Ce déplacement a pour effet de fonder l’hégémonie actuelle sur une structure qui lui était historiquement opposée. La valorisation du fil invisible de l’existence chez les dandys défiait le matérialisme industriel et l’accumulation du capital (les dandys et les premiers modernes venant souvent de famille ayant consumé leur capital). La créativité existentielle prend aujourd’hui la forme d’un mot d’ordre « Soyez créatif ! », seuls les créatifs survivront dans un monde occidental désindustrialisé et devenu cognitif, dont l’orientation est capitalistique. C’est la consumation créative qui permettra d’accumuler une plus-value économique : en créant je créé par là même occasion une valeur qui n’existait pas, de nouveaux besoins et de nouvelles productions. Bien évidemment, cette créativité a peu de rapport avec ce que visait la naissante modernité du XIXe siècle, parce que si le mot utilisé est commun aux deux époques, ce qui est produit est tout différent. D’un côté, des œuvres d’art, de l’autre des innovations technologiques qui ne sont le plus souvent que des gadgets dont l’intérêt est moins en eux-mêmes que dans le rythme même d’obsolescence. La créativité innovante est hantée par la destruction et par la ruine, à peine produit-elle quelque chose qu’il faut penser à produire autre chose pour réaliser un remplacement permanent. La créativité n’est pas dès lors une innovation, c’est-à-dire l’invention du nouveau qu’on pourrait lié à l’appel de la modernité (Baudelaire), mais une obsolescence programmée qui nous jette dans un futur qui est de manière fort paradoxale nostalgique : chaque objet est remplacé par un autre, à peine acheté il est déjà dépassé, tout passe.

Ce discours est la reprise de la logique des vanités.
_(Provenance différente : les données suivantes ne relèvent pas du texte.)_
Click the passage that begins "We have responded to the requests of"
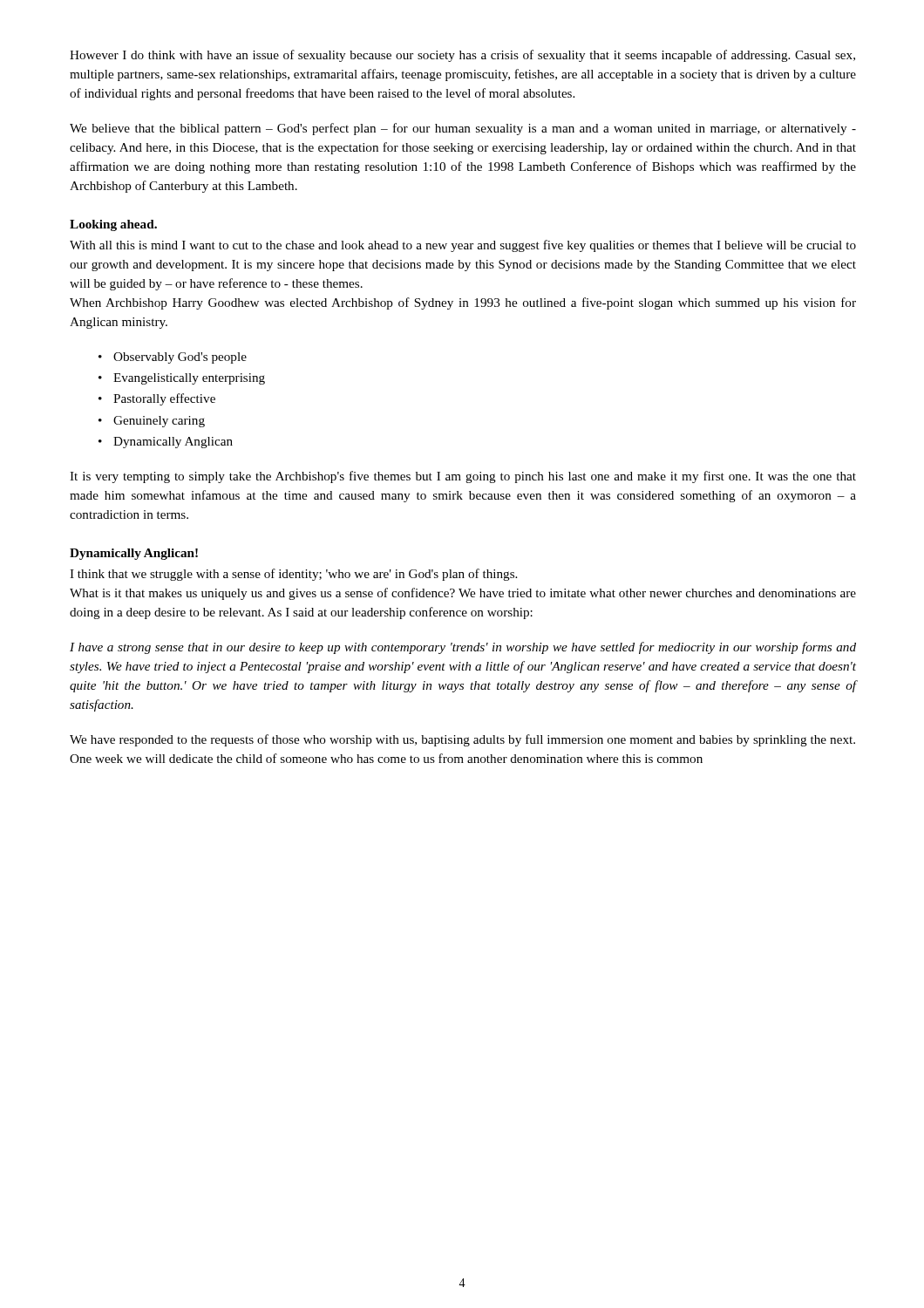 click(463, 749)

Nos vanités contemporaines sont les gadgets technologiques que chacun désire. L’important est ici de dépasser une vision moraliste qui opposerait ce rythme effréné et vain au retour d’une existence vraie et terrienne. Comme l’ont démontré, chacun à leur manière Lyotard et Klossowski, ce qui est en jeu dans la logique du remplacement consumériste, qui lie les affects et les objets, ce n’est pas une occultation des affects et de la puissance irraisonnée de l’existence, c’est encore l’existence irreprésentable. Derrière la consumation de l’innovation, s’exprime encore l’astre noir de nos existences, non plus le développement d’une subjectivité qui produit en bout de course le nihilisme occidental, mais un nihilisme (comme mal-être) qui produit une existence. Si l’on peut déconstruire les discours de la créativité et de l’innovation, dont l’actuel démantèlement de la culture est le symptôme, en en montrant les contradictions, il faut ensuite savoir écouter les puissances qui grondent encore en dessous et ce que ce refoulement dit de nos existences démesurées qui ont trouvées là une autre manière de « dire » sans représentation leur puissance.